Nein, Menschen sind nicht rational

Unser Selbstbild ist ein anderes. Die Erkenntnis, dass auch der kühlste Denker von seinen Emotionen geleitet ist, mag so mancher gar nicht annehmen. Es verhält sich aber so: Alles, was der Mensch sieht, fühlt, hört oder schmeckt wird zum Signal verwandelt und passiert die Amygdala, also das Erinnerungszentrum des Gehirns.

Alle Signale werden dort auf ihren emotionalen Gehalt geprüft, besonders auf ihr Gefahrenpotential. Am Ergebnis dieser Bewertung richtet sich die Reaktion des Menschen aus.

Für ihr Verhalten gibt es trotzdem Erklärungen

So kommt es, dass im Laufe des Tages unsere Stimmung unzählige Male wechselt. Wir fühlen uns abwechselnd euphorisch, müde, verärgert oder ängstlich, je nachdem, welchen Eindrücken wir gerade ausgesetzt sind.

Für Führungskräfte besteht dennoch kein Grund, den Kopf in den Sand zu stecken. Menschen sind zwar nicht rational, aber es gibt doch berechtigte Erwartungen hinsichtlich ihres Verhaltens und ihrer Wahrnehmung.

Von der Psychologie bis zur Pädagogik beschäftigen sich verschiedene Fachdisziplinen mit der Wahrnehmung und den Bedürfnissen von Menschen.

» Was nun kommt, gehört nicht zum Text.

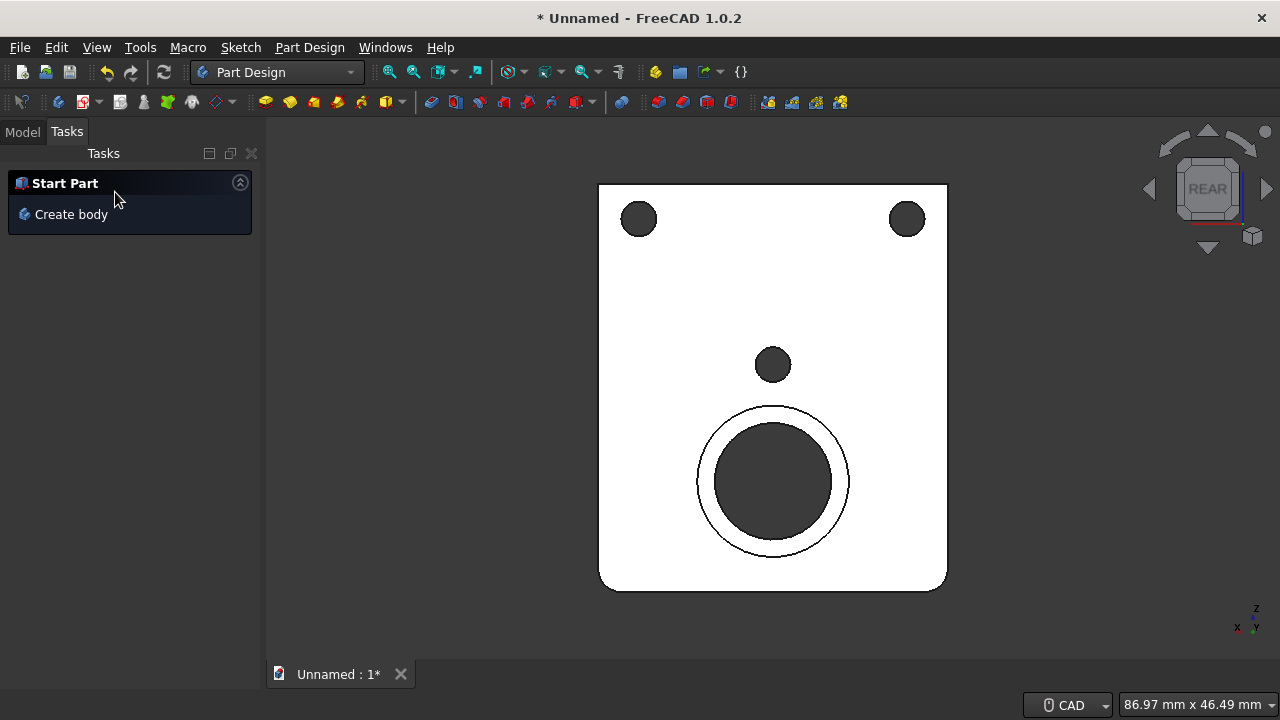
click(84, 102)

Es gibt Erfahrungen, Modelle, Erklärungsmuster und Techniken, so dass die Führung von Mitarbeitern zu einem erlernbaren Fach wird.

Mit dem Nicht-Rationalen des Menschen kann man einen pragmatischen und vernünftigen Umgang finden.

Beispiel: Ihr Mitarbeiter will das Projekt nicht

Möchten Sie ein Beispiel? Sie sagen zu Ihrem Mitarbeiter: “Der Job ist etwas für Sie”, aber Ihr Mitarbeiter reagiert verstimmt. Zunächst können Sie sich das gar nicht erklären. Sie wollten gar nichts Schlechtes für ihn.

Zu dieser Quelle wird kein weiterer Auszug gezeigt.